WHAT THE TASK ASKS: Please write out all of the entries beneath this line exactly, skipping the pictures.

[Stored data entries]

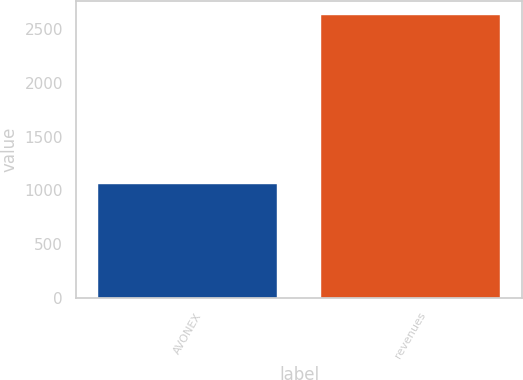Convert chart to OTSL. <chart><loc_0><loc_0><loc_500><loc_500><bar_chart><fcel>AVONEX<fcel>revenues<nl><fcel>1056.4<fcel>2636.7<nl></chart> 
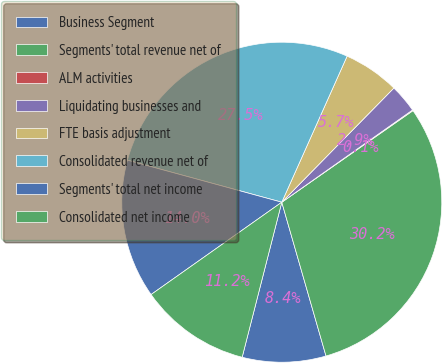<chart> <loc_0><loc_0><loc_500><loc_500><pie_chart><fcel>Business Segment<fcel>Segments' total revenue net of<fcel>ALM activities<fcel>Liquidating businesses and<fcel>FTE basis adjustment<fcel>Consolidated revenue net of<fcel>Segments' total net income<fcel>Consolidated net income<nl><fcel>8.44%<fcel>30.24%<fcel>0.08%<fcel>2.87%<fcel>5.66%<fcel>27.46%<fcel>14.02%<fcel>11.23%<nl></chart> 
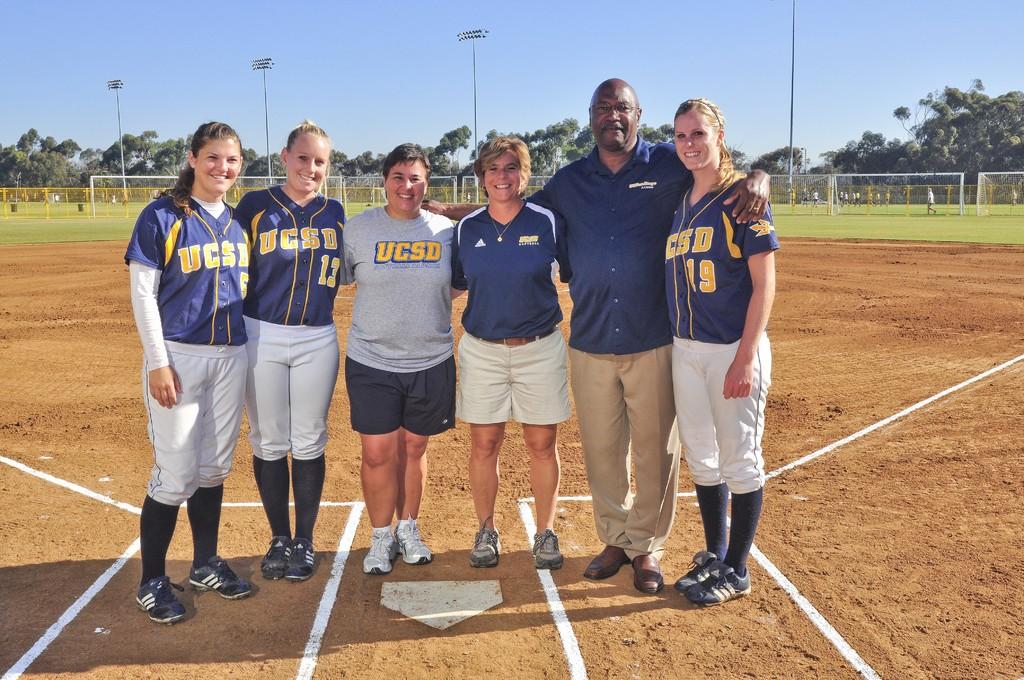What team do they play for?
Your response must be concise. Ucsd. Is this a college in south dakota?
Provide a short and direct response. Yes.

SOLVED PROBLEM:
Convert chart to OTSL. <chart><loc_0><loc_0><loc_500><loc_500><bar_chart><fcel>AVONEX<fcel>revenues<nl><fcel>1056.4<fcel>2636.7<nl></chart> 
<chart> <loc_0><loc_0><loc_500><loc_500><pie_chart><fcel>Business Segment<fcel>Segments' total revenue net of<fcel>ALM activities<fcel>Liquidating businesses and<fcel>FTE basis adjustment<fcel>Consolidated revenue net of<fcel>Segments' total net income<fcel>Consolidated net income<nl><fcel>8.44%<fcel>30.24%<fcel>0.08%<fcel>2.87%<fcel>5.66%<fcel>27.46%<fcel>14.02%<fcel>11.23%<nl></chart> 
What team do they play for?
Your response must be concise. Ucsd. Is this a college in south dakota?
Provide a short and direct response. Yes.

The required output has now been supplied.